TORQUE Resource Manager
2.8 Service Jobs

2.8 Service Jobs

TORQUE service jobs are a special kind of job that is treated differently by TORQUE than normal batch jobs. TORQUE service jobs are not related to Moab's dynamic service jobs. A TORQUE service job cannot dynamically grow and shrink in size over time.

Jobs are marked as service jobs at the time they are submitted to Moab or TORQUE. Just like a normal job, a script file is specified with the job. In a batch job, the contents of the script file are taken by TORQUE and executed on the compute nodes. For a service job, however, the script file is assumed to respond to certain command-line arguments. Instead of just executing the script, TORQUE will use these command-line arguments to start, stop, and check on the status of the job. Listed below are the three command-line arguments that must be supported by any script submitted as part of a TORQUE service job:

  • 'start' - The script should take this argument and launch its service/workload. The script should remain executing/running until the service stops.
  • 'stop' - The script should take this argument and stop the service/workload that was earlier started.
  • 'status' - The script should take this argument and return, via standard out, either "running" if the service/workload is running as expected or "stopped" if the service is not running.

This feature was created with long-running services in mind. The command-line arguments should be familiar to users who interact with Unix services, as each of the service scripts found in /etc/init.d/ also accept and respond to the arguments as explained above.

For example, if a user wants to start the Apache 2 server on a compute node, they can use a TORQUE service job and specify a script which will start, stop, and check on the status of the "httpd" daemon--possibly by using the already present /etc/init.d/httpd script.

Moab Version Required

If you wish to submit service jobs only through TORQUE, no special version of Moab is required. If you wish to submit service jobs using Moab's msub, then Moab 5.4 or later is required.

Submitting Service Jobs

There is a new option to qsub, "-s" which can take either a 'y' or 'n' (yes or no, respectively). When "-s y" is present, then the job is marked as a service job.
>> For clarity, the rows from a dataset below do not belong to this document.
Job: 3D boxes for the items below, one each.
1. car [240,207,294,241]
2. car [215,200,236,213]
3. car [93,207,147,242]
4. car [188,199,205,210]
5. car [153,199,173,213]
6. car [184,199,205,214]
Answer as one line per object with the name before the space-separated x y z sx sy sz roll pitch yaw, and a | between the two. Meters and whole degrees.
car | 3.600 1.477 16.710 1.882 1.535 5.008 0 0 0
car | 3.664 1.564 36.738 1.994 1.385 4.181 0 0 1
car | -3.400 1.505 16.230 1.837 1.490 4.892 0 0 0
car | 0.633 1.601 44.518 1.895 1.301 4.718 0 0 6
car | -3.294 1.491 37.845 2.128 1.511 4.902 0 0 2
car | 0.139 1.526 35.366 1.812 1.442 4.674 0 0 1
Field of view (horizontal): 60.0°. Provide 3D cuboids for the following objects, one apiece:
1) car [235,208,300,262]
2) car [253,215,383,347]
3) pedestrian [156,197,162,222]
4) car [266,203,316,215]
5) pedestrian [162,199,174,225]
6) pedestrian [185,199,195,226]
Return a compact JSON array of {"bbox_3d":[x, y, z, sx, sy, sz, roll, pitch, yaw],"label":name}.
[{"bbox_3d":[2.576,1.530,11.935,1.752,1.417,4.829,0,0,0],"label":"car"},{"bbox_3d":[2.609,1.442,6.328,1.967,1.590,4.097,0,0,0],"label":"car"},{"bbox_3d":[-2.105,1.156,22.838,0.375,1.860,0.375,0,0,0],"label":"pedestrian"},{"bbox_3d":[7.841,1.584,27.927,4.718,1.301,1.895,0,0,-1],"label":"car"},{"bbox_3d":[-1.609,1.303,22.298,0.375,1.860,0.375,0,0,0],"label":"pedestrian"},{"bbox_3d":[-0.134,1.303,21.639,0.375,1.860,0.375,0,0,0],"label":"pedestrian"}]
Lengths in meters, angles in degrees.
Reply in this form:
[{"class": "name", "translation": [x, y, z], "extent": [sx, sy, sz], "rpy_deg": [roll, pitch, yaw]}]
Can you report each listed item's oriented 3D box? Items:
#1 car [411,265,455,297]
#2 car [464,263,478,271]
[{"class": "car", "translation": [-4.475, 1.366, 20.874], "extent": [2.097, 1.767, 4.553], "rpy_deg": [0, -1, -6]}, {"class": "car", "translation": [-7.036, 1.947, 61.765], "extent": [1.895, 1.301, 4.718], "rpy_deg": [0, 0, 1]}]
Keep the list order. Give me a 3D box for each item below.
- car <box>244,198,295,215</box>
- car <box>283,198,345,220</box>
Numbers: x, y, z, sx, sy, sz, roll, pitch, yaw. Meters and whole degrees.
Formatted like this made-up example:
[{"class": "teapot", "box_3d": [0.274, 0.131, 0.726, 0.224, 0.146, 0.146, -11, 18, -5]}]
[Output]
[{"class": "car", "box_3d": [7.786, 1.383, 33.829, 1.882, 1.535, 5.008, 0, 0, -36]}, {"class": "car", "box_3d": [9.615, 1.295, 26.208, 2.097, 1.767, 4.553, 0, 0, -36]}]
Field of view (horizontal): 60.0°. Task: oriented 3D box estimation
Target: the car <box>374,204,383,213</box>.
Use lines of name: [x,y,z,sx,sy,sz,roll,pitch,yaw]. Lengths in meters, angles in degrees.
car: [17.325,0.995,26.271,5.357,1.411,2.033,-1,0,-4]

qsub -l walltime=100:00:00,nodes=1 -s y service_job.py

The example above submits a job to TORQUE with a walltime of 100 hours, one node, and it is marked as a service job. The script "service_job.py" will be used to start, stop, and check the status of the service/workload started on the compute nodes.
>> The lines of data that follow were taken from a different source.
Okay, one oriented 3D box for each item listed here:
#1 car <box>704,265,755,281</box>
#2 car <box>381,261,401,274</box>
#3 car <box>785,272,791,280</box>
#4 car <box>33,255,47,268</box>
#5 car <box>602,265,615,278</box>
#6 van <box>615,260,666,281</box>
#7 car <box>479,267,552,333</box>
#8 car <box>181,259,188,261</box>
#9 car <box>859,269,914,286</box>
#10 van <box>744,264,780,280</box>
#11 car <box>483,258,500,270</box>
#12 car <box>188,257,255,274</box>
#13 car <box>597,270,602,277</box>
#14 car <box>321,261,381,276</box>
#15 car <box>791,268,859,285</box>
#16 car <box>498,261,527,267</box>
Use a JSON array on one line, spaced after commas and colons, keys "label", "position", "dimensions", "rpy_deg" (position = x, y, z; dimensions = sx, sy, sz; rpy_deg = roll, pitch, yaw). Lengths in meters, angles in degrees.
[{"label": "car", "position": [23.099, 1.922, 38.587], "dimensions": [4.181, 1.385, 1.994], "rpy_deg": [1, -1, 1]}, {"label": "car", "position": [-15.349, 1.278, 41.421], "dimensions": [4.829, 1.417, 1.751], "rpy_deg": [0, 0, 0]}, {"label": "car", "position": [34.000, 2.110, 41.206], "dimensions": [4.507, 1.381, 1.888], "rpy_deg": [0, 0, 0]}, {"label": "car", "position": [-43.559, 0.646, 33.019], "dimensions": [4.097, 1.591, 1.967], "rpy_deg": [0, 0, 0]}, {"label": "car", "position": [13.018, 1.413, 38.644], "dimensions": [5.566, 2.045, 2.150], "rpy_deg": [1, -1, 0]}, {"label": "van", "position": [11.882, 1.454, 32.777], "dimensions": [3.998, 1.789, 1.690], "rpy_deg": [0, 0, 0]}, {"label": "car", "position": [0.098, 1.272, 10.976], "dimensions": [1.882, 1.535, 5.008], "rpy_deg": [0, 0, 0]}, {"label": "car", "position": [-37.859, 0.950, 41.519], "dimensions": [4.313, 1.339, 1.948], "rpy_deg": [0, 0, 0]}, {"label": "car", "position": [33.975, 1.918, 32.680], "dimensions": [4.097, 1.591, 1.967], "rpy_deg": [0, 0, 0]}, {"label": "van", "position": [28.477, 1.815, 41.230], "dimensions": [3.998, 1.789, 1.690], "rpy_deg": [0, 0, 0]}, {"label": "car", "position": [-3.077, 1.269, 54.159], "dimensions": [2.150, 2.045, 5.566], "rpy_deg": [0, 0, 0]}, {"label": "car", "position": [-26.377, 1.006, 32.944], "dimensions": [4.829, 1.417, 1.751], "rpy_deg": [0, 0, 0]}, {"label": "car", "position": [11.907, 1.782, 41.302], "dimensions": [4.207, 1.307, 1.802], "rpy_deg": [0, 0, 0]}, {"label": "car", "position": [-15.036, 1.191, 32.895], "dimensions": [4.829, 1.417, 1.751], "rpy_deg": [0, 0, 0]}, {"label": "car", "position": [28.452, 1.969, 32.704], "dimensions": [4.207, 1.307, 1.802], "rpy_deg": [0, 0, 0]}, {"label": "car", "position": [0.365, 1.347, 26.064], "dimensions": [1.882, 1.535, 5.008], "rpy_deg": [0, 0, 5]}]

Moab, as of version 5.4, is able to accept the "-s y" option when msub is used for submission. Moab will then pass this information to TORQUE when the job is migrated.

Submitting Service Jobs in MCM

Submitting a service job in MCM requires the latest Adaptive Computing Suite snapshot of MCM. It also requires MCM to be started with the "--future=2" option.
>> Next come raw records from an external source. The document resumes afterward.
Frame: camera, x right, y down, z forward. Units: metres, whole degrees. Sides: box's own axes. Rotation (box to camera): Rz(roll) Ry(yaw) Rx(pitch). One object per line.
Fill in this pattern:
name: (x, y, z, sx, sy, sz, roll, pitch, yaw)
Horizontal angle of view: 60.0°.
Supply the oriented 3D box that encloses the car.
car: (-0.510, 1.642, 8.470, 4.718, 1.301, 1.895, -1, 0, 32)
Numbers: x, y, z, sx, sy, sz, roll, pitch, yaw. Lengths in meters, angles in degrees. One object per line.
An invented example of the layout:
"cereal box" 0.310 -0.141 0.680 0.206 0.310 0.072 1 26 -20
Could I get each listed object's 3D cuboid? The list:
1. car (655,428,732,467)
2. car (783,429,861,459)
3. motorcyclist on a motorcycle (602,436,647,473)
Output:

Once MCM is started, open the Create Workload window and verify Show Advanced Options is checked. Notice that there is a Service checkbox that can be selected in the Flags/Options area. Use this to specify the job is a service job.

Managing Service Jobs

Managing a service job is done much like any other job; only a few differences exist.

Examining the job with qstat -f will reveal that the job has the service = True attribute. Non-service jobs will not make any mention of the "service" attribute.

Canceling a service job is done with qdel, mjobctl -c, or through any of the GUI's as with any other job. TORQUE, however, cancels the job by calling the service script with the "stop" argument instead of killing it directly. This behavior also occurs if the job runs over its wallclock and TORQUE/Moab is configured to cancel the job.

If a service job completes when the script exits after calling it with "start," or if TORQUE invokes the script with "status" and does not get back "running," it will not be terminated by using the "stop" argument.